Top 6 Crypto ETFs to Watch in November 2025
2025-11-14
The year 2025 marks a defining moment in the evolution of regulated cryptocurrency investment vehicles. With digital assets becoming increasingly integrated into institutional portfolios, a new generation of exchange-traded funds has emerged offering a bridge between traditional market stability and the exponential potential of blockchain-driven growth.
This transformation has paved the way for crypto ETFs to occupy a central role in diversified investment strategies.
Crypto ETFs provide regulated exposure to Bitcoin, Ethereum, blockchain equities, and hybrid asset mixes without the custody risks or operational complexities associated with direct crypto ownership.
For investors in November 2025, these products offer a structured, liquid, and transparent gateway into the digital economy. Below is a comprehensive exploration of the Top 6 Crypto ETFs to Watch in November 2025, enriched with performance insights, fee analysis, and a forward-thinking outlook for each.

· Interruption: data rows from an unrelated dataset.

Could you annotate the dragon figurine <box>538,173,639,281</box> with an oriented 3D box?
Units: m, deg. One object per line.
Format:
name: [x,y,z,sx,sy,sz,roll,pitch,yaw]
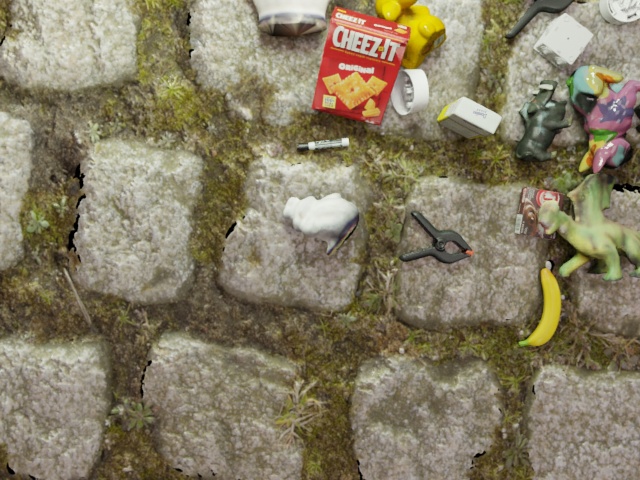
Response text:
dragon figurine: [0.663,-0.035,1.174,0.411,0.122,0.243,-6,90,-18]

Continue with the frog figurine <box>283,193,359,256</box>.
frog figurine: [0.004,-0.058,1.156,0.160,0.120,0.140,40,60,5]

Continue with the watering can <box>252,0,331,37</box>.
watering can: [-0.103,-0.561,1.132,0.347,0.104,0.223,3,96,12]
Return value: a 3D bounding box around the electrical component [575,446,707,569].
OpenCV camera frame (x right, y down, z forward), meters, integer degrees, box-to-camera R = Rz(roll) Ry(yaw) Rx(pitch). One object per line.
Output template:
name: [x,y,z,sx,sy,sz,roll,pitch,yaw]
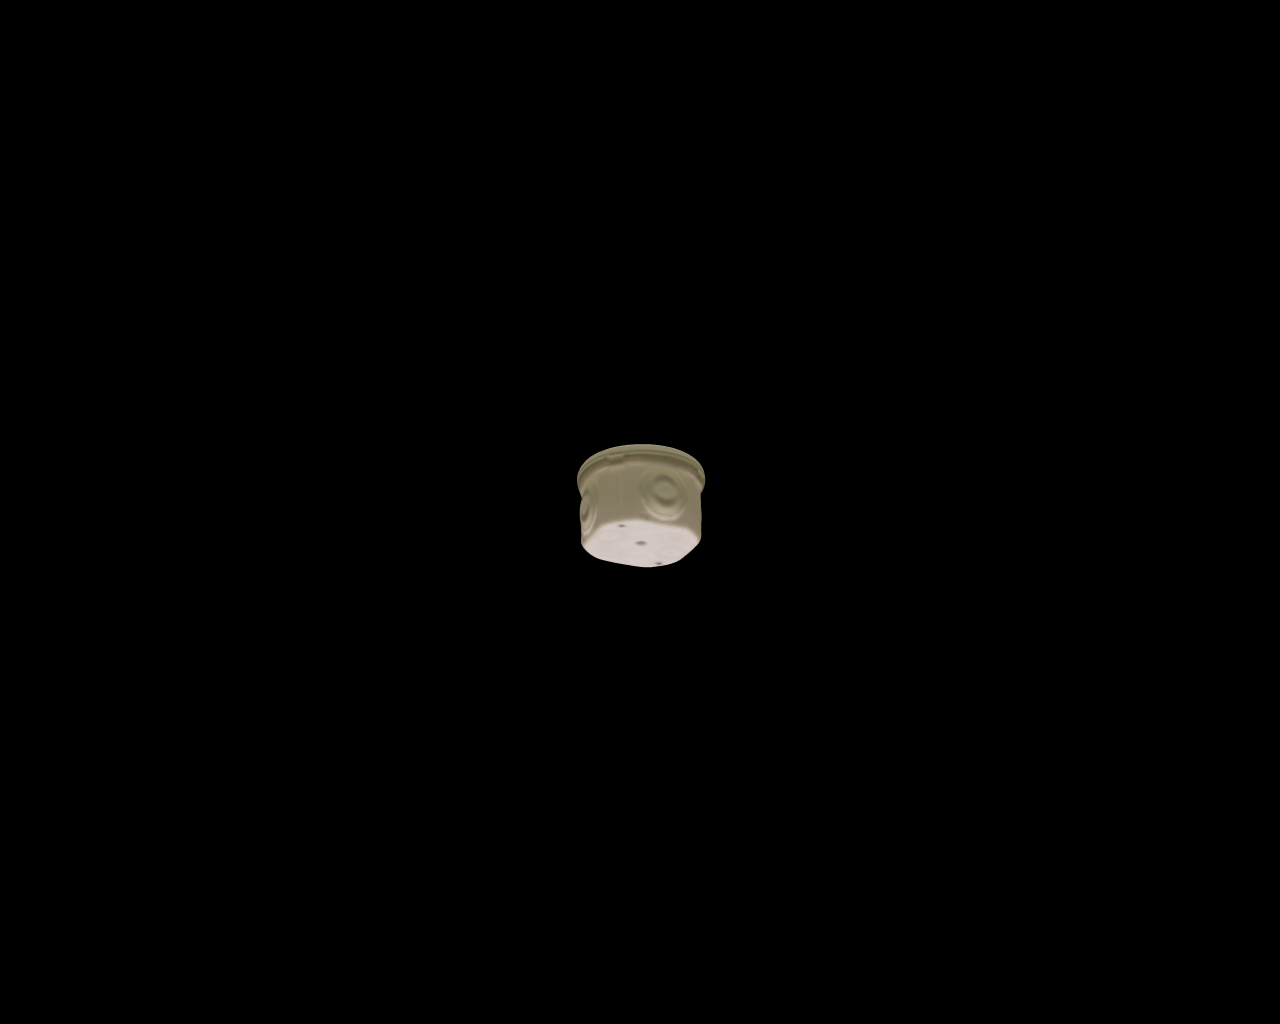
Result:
electrical component: [0.001,-0.003,0.650,0.080,0.051,0.080,0,-26,0]

1. Cyber Hornet S&P 500 and Bitcoin 75/25 Strategy ETF (ZZZ)
Expense Ratio: 1.01%
Holdings:
75% S&P 500 equities
25% Bitcoin (physical or futures-based)
Why This ETF Matters
The Cyber Hornet ETF is a unique fusion of two distinct market forces: the stability of the S&P 500 and the asymmetric upside of Bitcoin.
By allocating three-quarters to U.S. equities and one-quarter to BTC, the ETF introduces a controlled form of crypto exposure that does not overwhelm risk-conscious portfolios. Its automatic quarterly rebalancing mechanism ensures disciplined allocation even in volatile markets.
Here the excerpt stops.